She has red hair and a pale complexion, her face dotted with freckles to an extent some may find off-putting but I find delightful. I despise jigsaw puzzles, but I love that she loves them. 

And she is phenomenally good, churning through thousand-piece Ravensburgers in under an hour.

She is part of an online puzzling community, Jigslaw, with a custom of sharing puzzles through the mail. So roughly once a week a package arrives at our apartment, and I lose her until the thing is done. She just can not help herself once she gets started - it is frustrating, it is charming, it is very much her.

We met in a philosophy class I attended some months after I resolved to get a real girlfriend. I did not sign up by choice, a requisite humanities class, but perhaps it was requisite for a reason, as I cannot say I did not enjoy it.

But then, much of that enjoyment must have been spill-over from the joy of meeting Kathleen.

When we got together, we were nerds the both of us. Both inexperienced, then, and too ashamed to admit it to the other. But nerds learn quickly, especially when highly motivated. 

I hope you do not need a description of what it is like to have your love returned for the first time, but if you do I will only say all the clichés are true - No, that is a lie. But they do feel true for a period of roughly three months. 

And three months is a lot of time. It is enough time to break a lease, to move in together, to start thinking of yourself not as an individual anymore but as a piece of a pair, each not whole without the other. And though the euphoria started to fade by the fourth month, I still could not imagine my life without her. And I begin thinking seriously about asking her to marry me. 

And probably I would have had I not started working on The Machine

My computer networks professor, Dr. Joseph Norck, is involved with a group of academics working on "foundational models" - this being a rather forced buzzword for extremely large, capital intensive neural networks trained on the government's dime. Once the Chinese started subsidizing this research, DARPA decided they should, too, this culminating in funding for Stanford's  National Supercomputer for Training Large Transformers, which was informally called The Machine.

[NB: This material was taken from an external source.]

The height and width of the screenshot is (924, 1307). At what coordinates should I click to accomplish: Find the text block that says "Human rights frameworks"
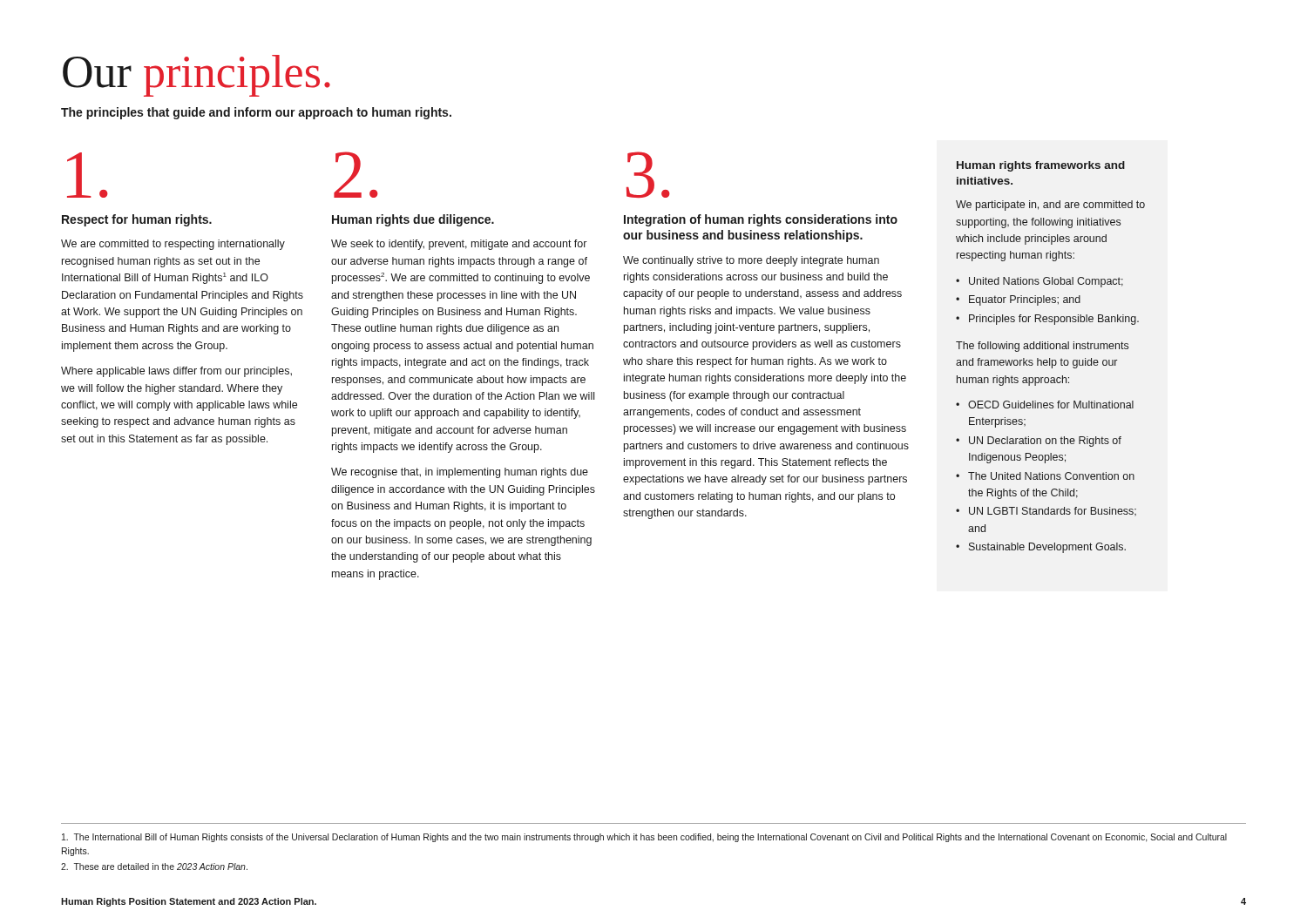click(x=1052, y=357)
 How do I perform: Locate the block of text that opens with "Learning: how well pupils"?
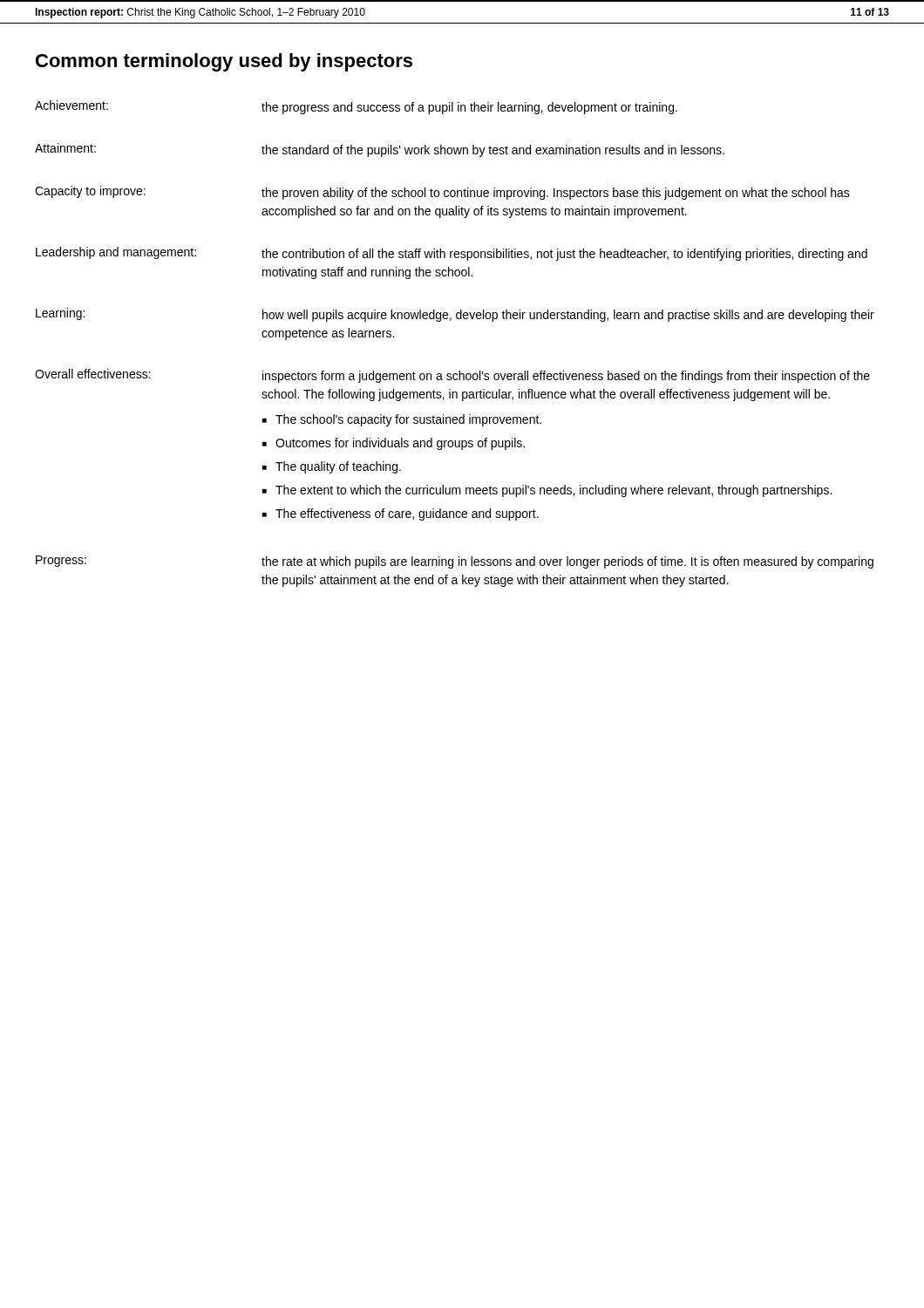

I did well in his class, and after it was done Joseph offered me a summer internship assisting him. I accepted (though the pay was poor compared to an industry internship) both because The Machine interested me, and I got the impression Joseph was feeling me out as an eventual PhD candidate, a future I was amenable to.

The job involves writing and maintaining basic administration code for the extremely stripped-down, bespoke flavor of Linux The Machine runs. 

Though relatively mundane as jobs go, it is slightly complicated by the fact that, for security reasons, The Machine has no external network connections.

When at work I have root access to, by some metrics, the most powerful supercomputer yet constructed. 

"I feel like a janitor at a missile silo given launch keys so he can more easily dust a nuke," I told Kathleen after my first day working on The Machine. 


Last week a new puzzle arrived in the mail. 

"He actually sent it!" Kathleen shouted. 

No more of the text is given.